The report of the House of Commons Education Committee
Graham Stuart MP
Which leads me back to the recent and somewhat under-reported conclusions of the House of Commons Committee.  The committee's chair, Tory MP Graham Stuart, has led a robust and non-partisan enquiry. The occasional implications that there are shortages of clarity, understanding and effectiveness on the part of Liz Truss (Under-Secretary of State for Education and Childcare) are noteworthy.

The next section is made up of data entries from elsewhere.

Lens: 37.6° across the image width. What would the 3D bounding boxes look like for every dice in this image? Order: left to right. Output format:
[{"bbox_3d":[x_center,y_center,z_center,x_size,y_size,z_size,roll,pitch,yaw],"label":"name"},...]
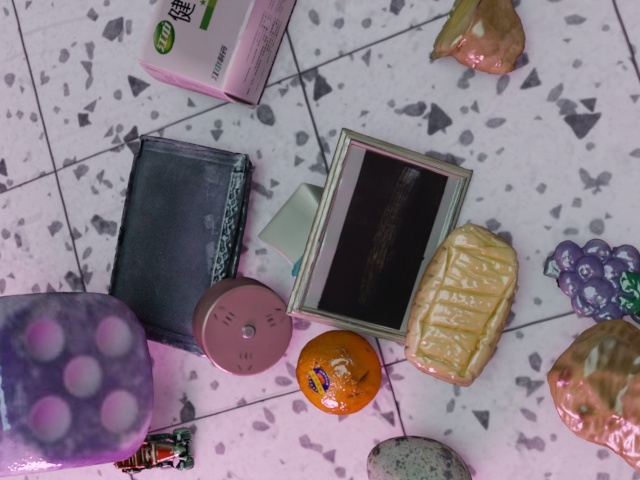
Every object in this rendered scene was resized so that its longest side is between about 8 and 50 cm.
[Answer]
[{"bbox_3d":[-0.447,0.233,1.509,0.270,0.270,0.271,-18,74,46],"label":"dice"}]

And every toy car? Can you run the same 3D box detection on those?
[{"bbox_3d":[-0.283,0.360,1.600,0.143,0.054,0.073,-8,86,20],"label":"toy car"}]

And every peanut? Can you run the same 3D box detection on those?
[{"bbox_3d":[0.437,0.217,1.318,0.233,0.110,0.197,24,104,20],"label":"peanut"}]

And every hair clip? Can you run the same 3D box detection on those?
[{"bbox_3d":[0.422,0.064,1.369,0.195,0.052,0.124,12,91,12],"label":"hair clip"}]

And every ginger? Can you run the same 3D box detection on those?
[{"bbox_3d":[0.265,-0.342,1.418,0.122,0.115,0.193,27,90,-3],"label":"ginger"}]

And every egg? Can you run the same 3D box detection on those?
[{"bbox_3d":[0.146,0.358,1.406,0.172,0.132,0.132,25,96,31],"label":"egg"}]

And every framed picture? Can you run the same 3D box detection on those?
[{"bbox_3d":[0.093,0.002,1.424,0.231,0.018,0.293,15,94,-20],"label":"framed picture"}]

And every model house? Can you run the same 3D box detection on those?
[{"bbox_3d":[0.000,0.000,1.488,0.149,0.100,0.127,45,103,18],"label":"model house"}]

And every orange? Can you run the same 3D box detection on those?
[{"bbox_3d":[0.033,0.204,1.462,0.135,0.117,0.136,5,97,41],"label":"orange"}]

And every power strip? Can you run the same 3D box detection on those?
[{"bbox_3d":[-0.124,0.138,1.500,0.154,0.078,0.154,-4,100,-21],"label":"power strip"}]

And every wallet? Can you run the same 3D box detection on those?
[{"bbox_3d":[-0.238,0.005,1.591,0.237,0.075,0.342,12,94,26],"label":"wallet"}]

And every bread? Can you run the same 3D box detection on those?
[{"bbox_3d":[0.210,0.094,1.400,0.140,0.106,0.236,22,93,6],"label":"bread"}]

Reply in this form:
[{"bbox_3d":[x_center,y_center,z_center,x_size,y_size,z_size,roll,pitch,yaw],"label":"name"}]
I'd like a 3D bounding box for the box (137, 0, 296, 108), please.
[{"bbox_3d":[-0.149,-0.395,1.534,0.173,0.145,0.333,23,96,21],"label":"box"}]

The report notes (on page 7) that there were 3, 631 Centres in England in 2010, and 3,116 in 2013, but "the Minister, Elizabeth Truss MP, stated in answer to a parliamentary question in May 2013 that “local authorities tell us that there have been only 35 outright closures since 2010” and that “the rest of the change is a result of reorganisations and mergers of existing centres."" Truss is found not to have addressed "directly" the recommendations of the Gross report on information-sharing, but nevertheless agrees that there has been a failure to develop cross-government working in the early years (page 46). She is quoted as claiming that there is only a single piece of longitudinal research with relevance to Children's Centre, thus ignoring the substantial National Evaluation of Sure Start which ran between 2001 and 2012 (page 8). What the committee judges to be a woolly and inadequate definition of a Children's Centre is believed, by the minister, to be "deliberately broad" (page 11) - a conclusion that the committee is "not convinced by". 

The Committee was concerned by the lack of a statutory model for the governance of the centres, yet found the minister was preparing to fiddle around with new structures rather than sort out the ones already in place, willing neither to "confirm nor deny" that she was looking into creating new Centres based on Free Schools (page 28). Truss was found to be lacking in her understanding of the early years system, evincing "no enthusiasm for maintained nursery schools; yet these are widely recognised to provide the highest quality early education and - when combined with children's centres - offer the most effective model for achieving the child outcomes the children's centres were set up to achieve" (page 45). 

"It is not enough for the Minister to articulate a vision of equality with other teachers"

Further shortcomings in effectiveness and implementation are noted by the Committee with respect to Early Years teachers; it turns out that the much-heralded involvement of TeachFirst in the early years boils down to a mere sixteen new teachers in London. The disparity between teachers in schools, with qualified teacher status, and early years teachers - which I have commented on in an earlier post - leads the committee to comment that "it is not enough for the Minister to articulate a vision of equality with other teachers–she has to set out a course of action with milestones on the way to a position where equal pay attracts equal quality."

In short, the report is far from a vote of confidence in the policies of the coalition government, or the competence of the minister. That failure of implementation is built on top of flawed foundations, laid with great ambition and good intent by New Labour, but marred by excess haste and a lack of rigorous thinking. 

Nature, of course, abhors a vacuum - and the same is true of the educational establishment. So Ofsted's vision of what a Children's Centre is has been sucked into the vacuum left by the Department for Education. That vision has an astonishing focus on numerical targets - 15 separate types of data and performance management are listed in the Inspection Handbook, for example. 

If I am correct in identifying the start of a drastic downward trend in Ofsted's rating of Children's Centres, and the Parliamentary Committee is correct in identifying a dramatic cut in funding by central government coupled with strategic muddle, then the centres are facing a serious and immediate crisis. Is the dream of a new, "permanent mainstream part of the welfare state" turning into a nightmare?